The Pennsylvania State Police approached Dirkmaat about a case from 1965 in which a 15-year-old girl, Patricia Desmond, disappeared. Police had received a tip and believed the teenager's remains were buried beneath the ruins of a burned-down home in Slippery Rock Township.
Sometime during the 17 years since Desmond's disappearance, however, a bulldozer had cleared the area and thick vegetation had grown over the house's foundation.
Dirkmaat and two other graduate students used techniques typically employed at archaeological digs to lay down a grid and examine every inch of the site.

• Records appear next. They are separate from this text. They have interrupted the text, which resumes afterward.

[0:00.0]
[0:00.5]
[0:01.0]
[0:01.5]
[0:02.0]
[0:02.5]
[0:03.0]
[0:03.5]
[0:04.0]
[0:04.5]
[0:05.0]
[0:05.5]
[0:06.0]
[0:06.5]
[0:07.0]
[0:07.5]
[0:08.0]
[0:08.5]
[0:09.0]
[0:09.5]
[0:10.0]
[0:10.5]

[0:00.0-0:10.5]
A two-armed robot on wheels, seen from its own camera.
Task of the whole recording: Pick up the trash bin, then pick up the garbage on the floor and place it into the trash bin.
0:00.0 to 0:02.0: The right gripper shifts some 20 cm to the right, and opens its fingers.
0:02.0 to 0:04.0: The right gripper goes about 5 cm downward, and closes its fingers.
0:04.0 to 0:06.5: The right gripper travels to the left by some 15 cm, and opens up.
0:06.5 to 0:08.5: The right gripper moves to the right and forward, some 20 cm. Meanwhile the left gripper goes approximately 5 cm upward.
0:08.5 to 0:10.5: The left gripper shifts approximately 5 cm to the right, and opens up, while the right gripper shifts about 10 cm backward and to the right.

From what they found, Dirkmaat hypothesized that Conrad E. Miller, the man who was last seen with Desmond, killed the teenager, burned her body, then burned down the house.
"I think (Miller) tended to the fire and broke up the bones with a shovel, so we found a fragmented body. A piece of pelvis bone was the largest bone we found," Dirkmaat said.

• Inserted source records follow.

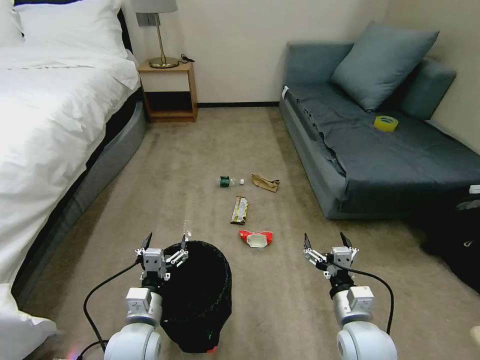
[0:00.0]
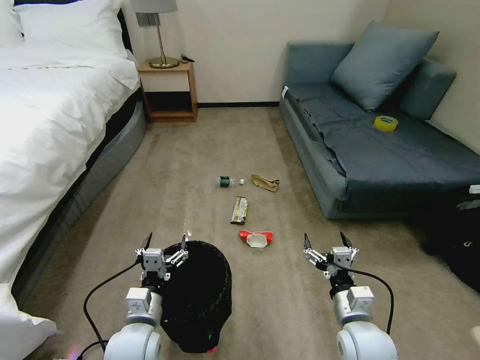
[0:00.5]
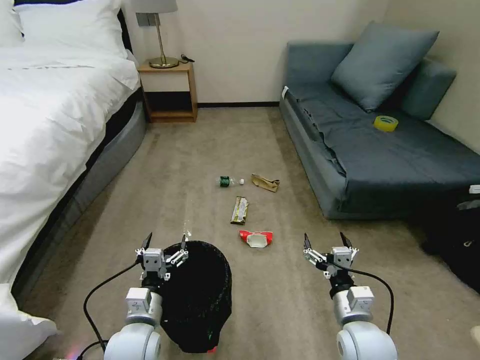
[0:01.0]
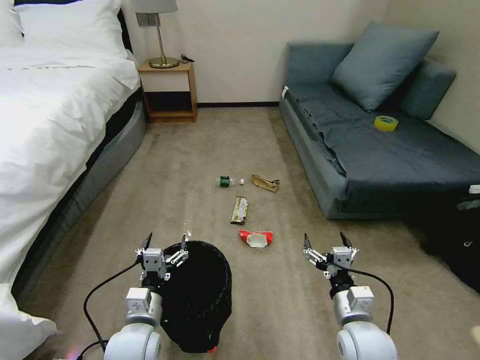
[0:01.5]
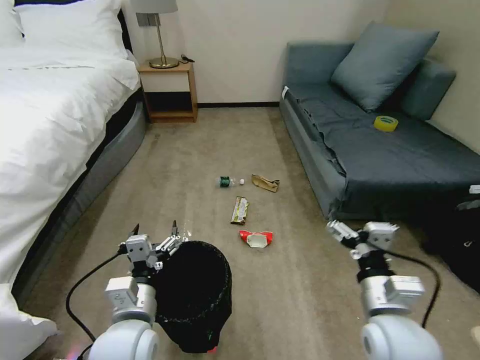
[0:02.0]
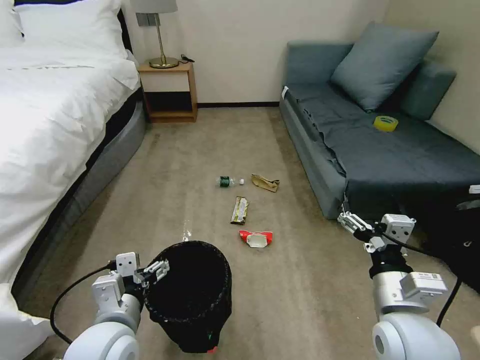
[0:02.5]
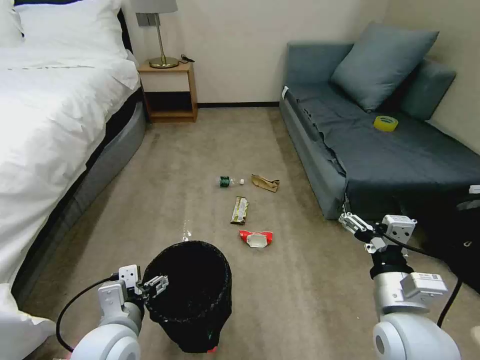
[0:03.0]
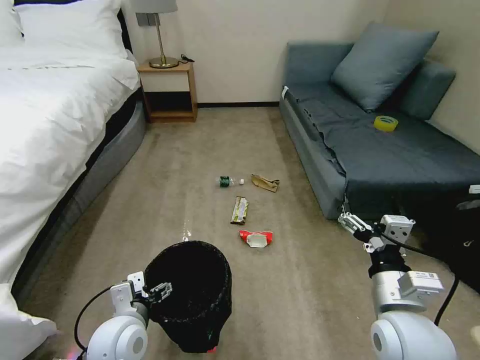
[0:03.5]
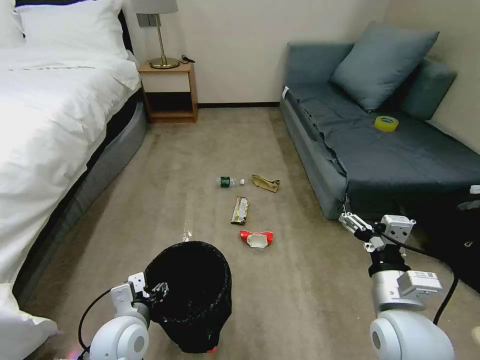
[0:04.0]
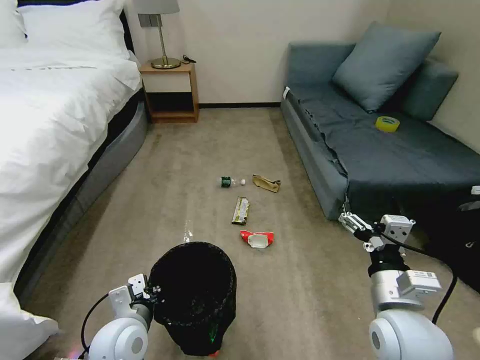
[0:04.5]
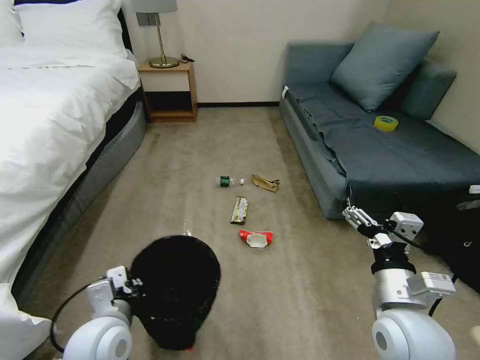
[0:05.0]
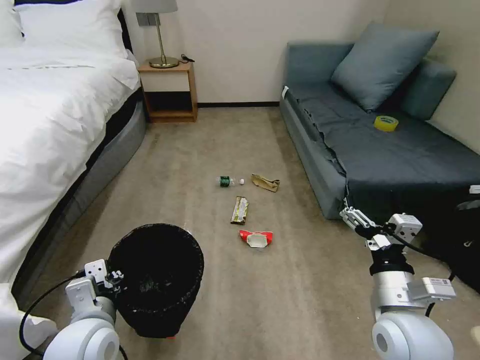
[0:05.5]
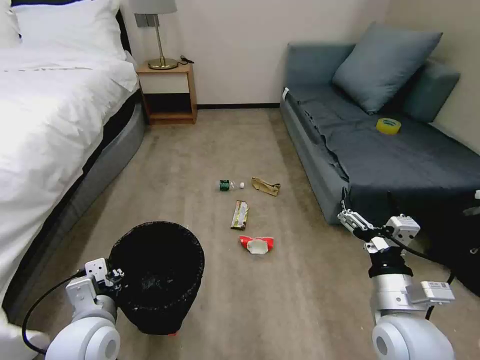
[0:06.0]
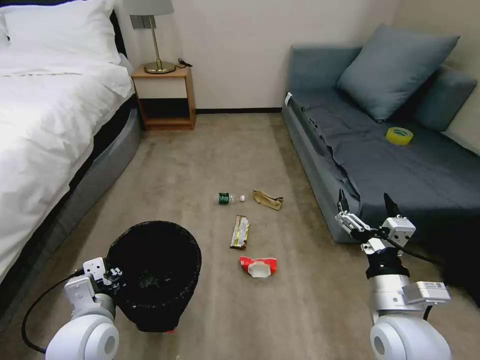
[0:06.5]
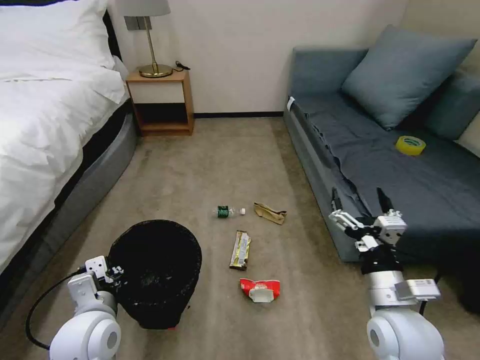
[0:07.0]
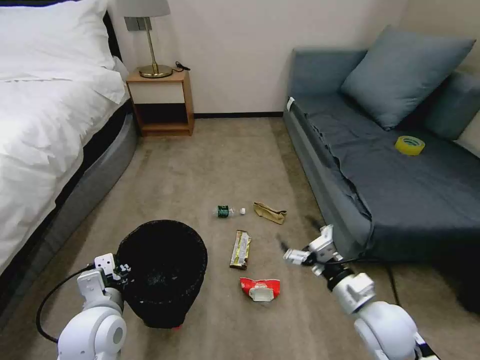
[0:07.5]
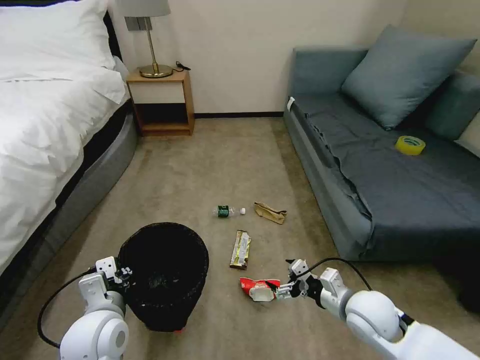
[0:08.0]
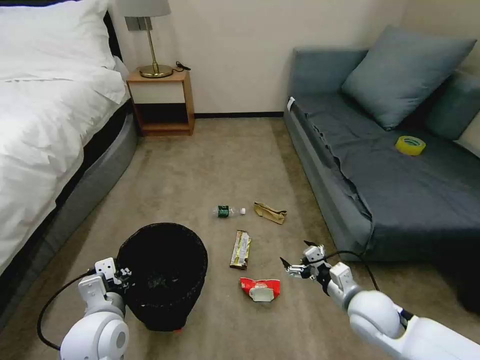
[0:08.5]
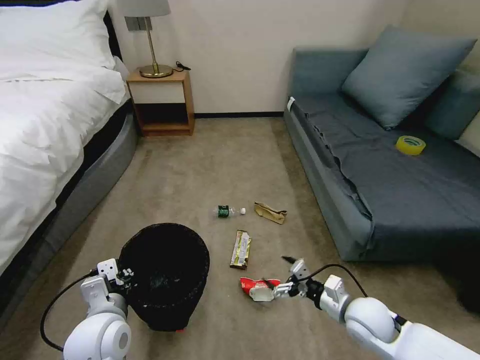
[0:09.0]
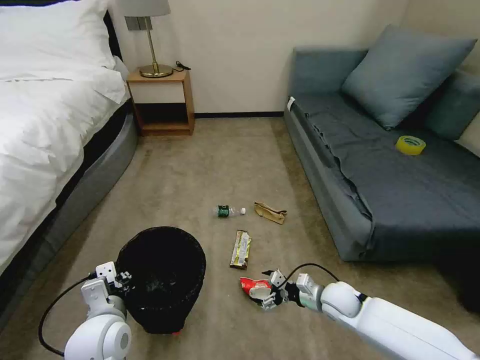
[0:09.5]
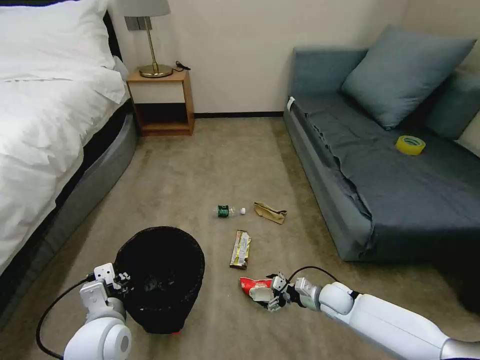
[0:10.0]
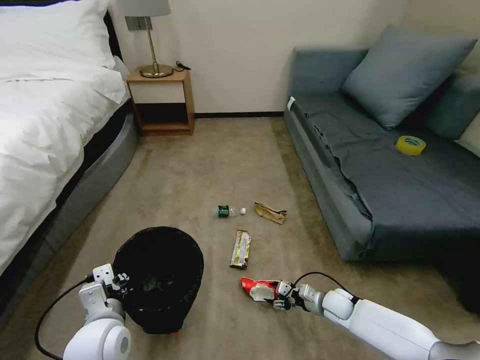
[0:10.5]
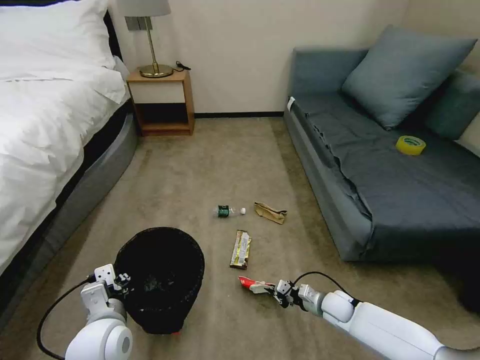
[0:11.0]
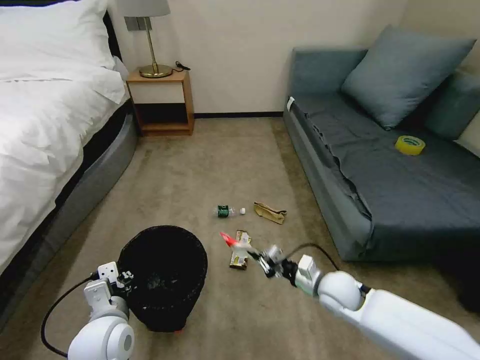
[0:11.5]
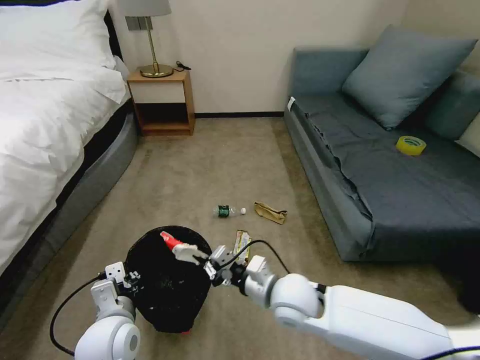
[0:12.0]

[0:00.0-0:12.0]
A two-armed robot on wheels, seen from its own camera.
Task of the whole recording: Pick up the trash bin, then pick up the garbage on the floor and place it into the trash bin.
0:02.0 to 0:04.0: The left gripper shifts about 5 cm downward, and closes.
0:04.0 to 0:06.0: The left gripper travels upward by some 5 cm, and closes up.
0:06.0 to 0:08.0: The right gripper moves downward and forward, approximately 10 cm.
0:08.0 to 0:10.0: The right gripper heads downward and forward, covering some 15 cm.
0:10.0 to 0:12.0: The right gripper is displaced upward and to the left by roughly 25 cm, and closes.

At the time, law enforcement was not using DNA to identify remains and the team of students never positively identified the body. But what they did determine -- the body's gender and her approximate age -- was enough to push Miller into confessing to the murder, Dirkmaat said.
Miller, who was paroled in 1987 after serving more than 10 years on a rape conviction, was given a 7- to 14-year sentence for third-degree murder in April 1988. He was released from prison in June 2001.
Since that case, word spread throughout law enforcement that Dirkmaat's thorough methods help him uncover fine details from crime scenes that seemed to be void of information, said Somerset County Coroner Wallace Miller. "He's an unassuming guy. A mild-mannered professor with a great sense of humor," Miller said. "But he doesn't get enough recognition."
When Flight 93 crashed in a reclaimed strip mine in Somerset County during the Sept. 11 terrorist attacks, Miller said he immediately called Dirkmaat to consult with the county.
For that case and others Dirkmaat applied some of the methods he first used at the Flight 427 crash site. He used a theodolite, an instrument usually used for surveying, to create a topological map of the four-acre scene. Dirkmaat also set up a grid that helped workers flag human remains, personal affects and wreckage.
But since he worked on the Flight 427 crash site, Dirkmaat enhanced his protocol for mass fatality scenes.
He now prefers that state police, rather than volunteers, scan the disaster scene and that workers recover as much evidence as possible in their first sweep of the site.
Law enforcement officials from around Pennsylvania and New York call on Dirkmaat's skills about 15 times a year. If he's called to a crime scene, Dirkmaat brings along a staff of five to 10 Mercyhurst students.
He hopes the field work will spawn a new generation of forensic anthropologists who embrace hands-on research as much as theory.
"I tell them that a lot of people find this stuff interesting, but it can't be a hobby. You've got to take this seriously because people could be convicted, they're lives could change, because of what you're studying," Dirkmaat said.